The invisible magnetic maw of the collector field which stretches out before the Hope traps the hydrogen atoms floating in space at a rate of one or two per cubic meter.

The remaining fifteen percent of hydrogen in the tanks would be enough to reignite and heat the reactors, but not much more.

The collector field becomes more effective as their speed grows: twenty seconds later, it has already stabilized the rate of supply to the engines.

The ship is capturing and consuming hydrogen at the same rate.

Jowe breaks his silence to state hoarsely that the patrol ship is gaining on them.

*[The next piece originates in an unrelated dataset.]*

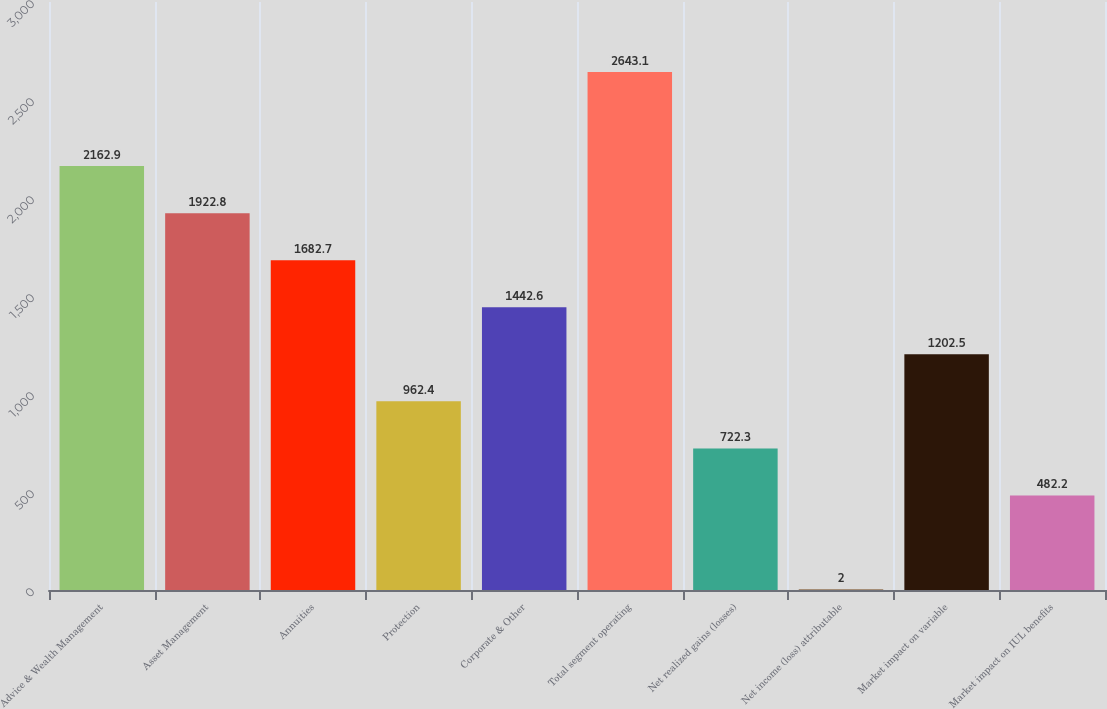Convert chart. <chart><loc_0><loc_0><loc_500><loc_500><bar_chart><fcel>Advice & Wealth Management<fcel>Asset Management<fcel>Annuities<fcel>Protection<fcel>Corporate & Other<fcel>Total segment operating<fcel>Net realized gains (losses)<fcel>Net income (loss) attributable<fcel>Market impact on variable<fcel>Market impact on IUL benefits<nl><fcel>2162.9<fcel>1922.8<fcel>1682.7<fcel>962.4<fcel>1442.6<fcel>2643.1<fcel>722.3<fcel>2<fcel>1202.5<fcel>482.2<nl></chart>

Adam, hysterical, tells him the Planetary Security guys have antigravity-based inertial engines, which don’t need an external source of fuel and don’t have to be warmed up… but even so, they won’t get caught, because they’re way ahead.

Jowe disagrees.

According to his calculations, the patrol ship is following a flawless interception orbit: it will reach firing range before the Hope has entered far enough inside the Escape Tunnel to activate the hyperengine and get it to work.

And that will be more or less within an hour.

Adam blows up and says that as far as he’s concerned, Jowe can go to hell right now: all he has to do is open the airlock, enter it, and jump into space, if he’s so scared.

Friga quiets them with her booming voice, reminding them that it’s just a patrol ship and that the Hope is armed and armored…

She fiddles with the triggers again.

The patrol ship must have positively ID’d them as a fugitive ship by now: it is keeping complete radio silence while continuing to approach.

Just in case, Adam throws up a curtain of interference to keep their pursuer from asking other Planetary Security ships for help.

Manipulating the controls with the dexterity of a pianist, Friga corrects the Hope’s course with plasma jets at full blast.

At ever-increasing velocity, the ship leaves the plane of the ecliptic; in a couple of hours it will be far enough away for hyperspace travel.

If the patrol ship doesn’t destroy it first.

It hasn’t even asked them to surrender.

Not that they’d surrender without a struggle.

A dogfight is inevitable.

The Dogfight

The hour passes. Friga, impatient, burns with a desire to open fire.

Despite the Hope’s significant initial advantage, the faster-moving Planetary Security ship has significantly closed the gap between them.